**What the task asks**
If a line of the listing contains the string "KCONTINUOUS", return that line.

** Opening Record set block **

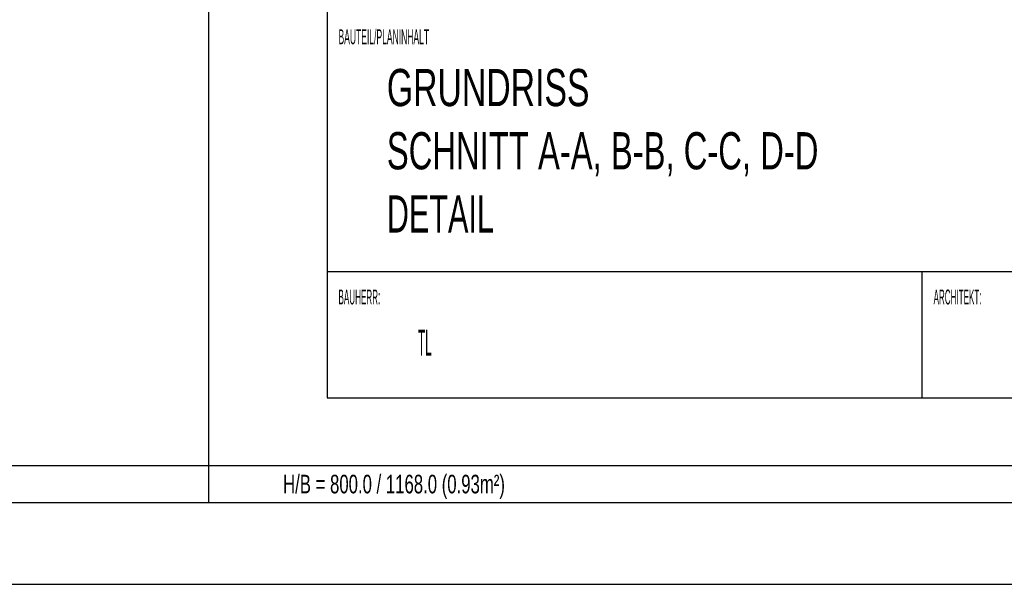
# Model space of a CAD drawing. Extents: x -0.6 to 1.54, y -0.37 to 1.17.
# Tile 35 of 79: x 0.9526 to 1.085, y -0.011 to 0.065. Entities that reach past the tile are written whole.
import ezdxf

# ---------------------------------------------------------------- set-up
doc = ezdxf.new("R2010")
doc.units = 0
doc.linetypes.add('KCONTINUOUS', pattern=[0])
doc.layers.add('W01_---', color=7, linetype='CONTINUOUS')

msp = doc.modelspace()

# ---------------------------------------------------------------- linework, layer by layer
at = {"layer": 'W01_---', "color": 7, "linetype": 'KCONTINUOUS'}
for p, q in [((0.978, 0), (0.978, 0.297)), ((0.99392, 0.13608), (0.99392, 0.01408)), ((0.99392, 0.03109), (1.15392, 0.03109)), ((1.07392, 0.01408), (1.07392, 0.03109)), ((0.99392, 0.01408), (1.15392, 0.01408)), ((0.978, 0), (0.978, 0.005)), ((-0.00858, -0.01098), (1.18384, -0.01098))]:
    msp.add_line(p, q, dxfattribs=at)
for points in [[(0, 0), (1.168, 0), (1.168, 0.8), (0, 0.8), (0, 0), (0, 0)], [(0.02, 0.005), (1.163, 0.005), (1.163, 0.795), (0.02, 0.795), (0.02, 0.005), (0.02, 0.005)]]:
    msp.add_lwpolyline(points, dxfattribs=at)

# ---------------------------------------------------------------- texts
at = {"layer": 'W01_---', "color": 7}
for s, height, width, p in [('BAUTEIL/PLANINHALT', 0.002, 0.429028, (0.99545, 0.06166, 61)), ('GRUNDRISS ', 0.005, 0.679, (1.00195, 0.05333, 61)), ('SCHNITT A-A, B-B, C-C, D-D', 0.005, 0.659077, (1.00195, 0.04483, 61)), ('DETAIL', 0.005, 0.614833, (1.00195, 0.03633, 61)), ('BAUHERR:', 0.002, 0.40625, (0.99545, 0.02666, 61)), ('ARCHITEKT:', 0.002, 0.40555, (1.07545, 0.02666, 61)), ('TL', 0.0035, 0.340286, (1.00613, 0.01977, 61)), ('H/B = 800.0 / 1168.0 (0.93m²) ', 0.0025, 0.672993, (0.988, 0.00125, 61))]:
    msp.add_text(s, height=height, dxfattribs=dict(at, width=width)).set_placement(p)

doc.saveas('drawing.dxf')

** Closing Record set block **

**Answer to the problem**
doc.linetypes.add('KCONTINUOUS', pattern=[0])
at = {"layer": 'W01_---', "color": 7, "linetype": 'KCONTINUOUS'}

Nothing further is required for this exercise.